Note d’information sur la jurisprudence de la Cour 50
Février 2003
Schaal c. Luxembourg - 51773/99
Arrêt 18.2.2003 [Section IV]
Article 8
Article 8-1
Respect de la vie familiale
Suspension de la question d’un droit de visite d’un parent le temps de la procédure pénale suivie contre lui des faits de viol sur sa fille: violation
Article 6
Procédure pénale
Article 6-1
Délai raisonnable
Durée d’une procédure pénale ayant une incidence sur le droit de visite d’un parent: violation
En fait: Dans le cadre d’une procédure en divorce initiée par l’épouse du requérant, cette dernière déposa plainte contre lui l’accusant d’abus sexuels sur leur fille, ce qui occasionna l’inculpation du requérant. Le jugement de divorce, prononcé en juillet 1994, confia la garde de l’enfant mineure à la mère et sursit à statuer quant à l’éventuel octroi d’un droit de visite et/ou d’hébergement au bénéfice du requérant. Dans le cadre de la procédure pénale, le requérant fut renvoyé en jugement en mars 1997 puis bénéficia, en avril 2000, d’une décision d’acquittement, les infractions reprochées n’étant manifestement pas établies. Comme suite à une demande en ce sens déposée en novembre 2000, le requérant se vit accorder un droit de visite et d’hébergement en faveur de sa fille par un jugement de janvier 2001. Les juges relevèrent que la mère n’avait agi qu’aux fins de nuire au père, que ses imputations n’étaient étayées par aucun élément objectif et n’étaient que le fruit d’une manipulation psychologique de son fait.

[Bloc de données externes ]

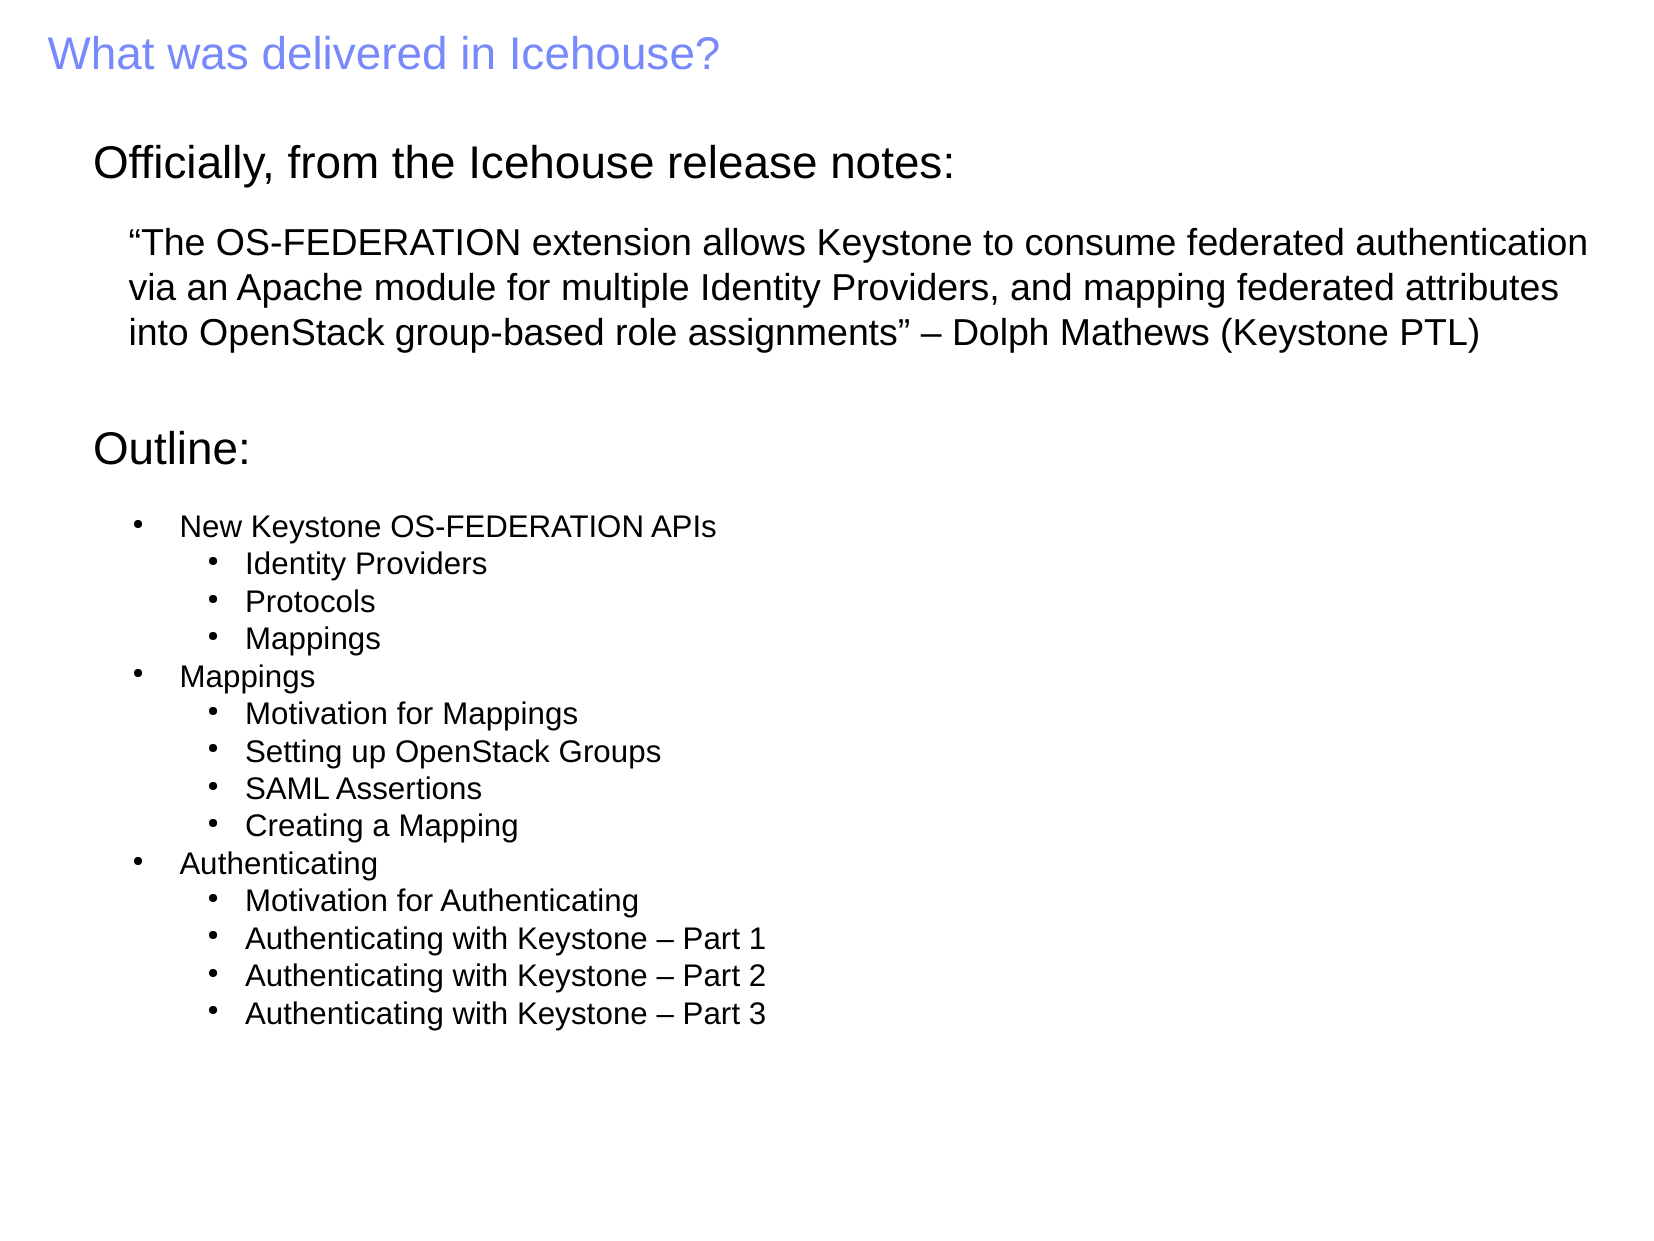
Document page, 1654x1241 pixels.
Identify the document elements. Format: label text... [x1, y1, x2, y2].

text_box Officially, from the Icehouse release notes: “The OS-FEDERATION extension allows Keystone to consume federated authentication via an Apache module for multiple Identity Providers, and mapping federated attributes into OpenStack group-based role assignments” – Dolph Mathews (Keystone PTL) Outline: New Keystone OS-FEDERATION APIs Identity Providers Protocols Mappings Mappings Motivation for Mappings Setting up OpenStack Groups SAML Assertions Creating a Mapping Authenticating Motivation for Authenticating Authenticating with Keystone – Part 1 Authenticating with Keystone – Part 2 Authenticating with Keystone – Part 3 [42, 124, 1613, 1039]
text_box What was delivered in Icehouse? [32, 22, 1604, 95]

En droit: Article 6 – La période à examiner est de plus de six ans pour une seule instance. La question du droit de visite et/ou d’hébergement au bénéfice du requérant étant suspendue, l’article 6 § 1 faisait obligation aux juges pénaux d’agir avec une diligence exceptionnelle pour garantir un déroulement rapide de la procédure, au vu de l’importance du litige pour le requérant. Plusieurs périodes d’inactivité sont imputables aux autorités nationales et le Gouvernement reste en défaut de fournir des indications sur la complexité alléguée de l’affaire, de même que de montrer en quoi cette complexité a pu justifier les périodes d’inactivités relevées; enfin aucun retard particulier n’est imputable au requérant.
Conclusion: violation (unanimité).
Article 8 – a. Quant à la période entre la décision de surseoir à statuer sur la question d’un droit de visite et le jugement prononçant l’acquittement du requérant : le fait de surseoir à statuer quant à l’éventuel octroi d’un droit de visite constitue une ingérence dans le droit du requérant au respect de sa vie familiale. Dans l’attente de l’issue de la procédure pénale instruite pour viol sur la personne de sa fille, l’intérêt de la mineure légitimait la suspension du droit de visite du requérant. L’ingérence était donc, jusqu’au résultat de la procédure pénale, nécessaire à la protection des droits d’autrui. Toutefois, ce même intérêt de l’enfant exigeait aussi de permettre au lien familial de se développer à nouveau, dès que les mesures n’apparaissaient plus nécessaires. Or des retards déraisonnables dans la procédure pénale avaient un impact direct sur le droit à la vie familiale du requérant. En l’espèce, du fait des carences constatées par la Cour dans le déroulement de la procédure pénale, les autorités nationales n’ont pas pris toutes les mesures nécessaires que l’on pouvait raisonnablement exiger d’elles afin de restaurer la vie familiale du requérant avec son jeune enfant, dans l’intérêt de ces deux personnes.
Conclusion: violation (unanimité).
b. Quant à la période à compter de la date de l’acquittement du requérant: à cette date, l’ingérence dans son droit au respect de la vie familiale ne s’avéra plus nécessaire à la protection des droits de son enfant. A cet égard, il importe de savoir si, à compter de cette décision, les juges civils agirent avec suffisamment de diligence pour garantir un déroulement rapide de la procédure, au vu de l’enjeu du litige pour le requérant. Aucune période d’inactivité imputable aux autorités internes n’est à relever.
Conclusion: non-violation (unanimité).
Article 41 – La Cour accorde une réparation au titre du préjudice moral et des frais et dépens.
© Conseil de l’Europe/Cour européenne des droits de l’homme
Rédigé par le greffe, ce résumé ne lie pas la Cour.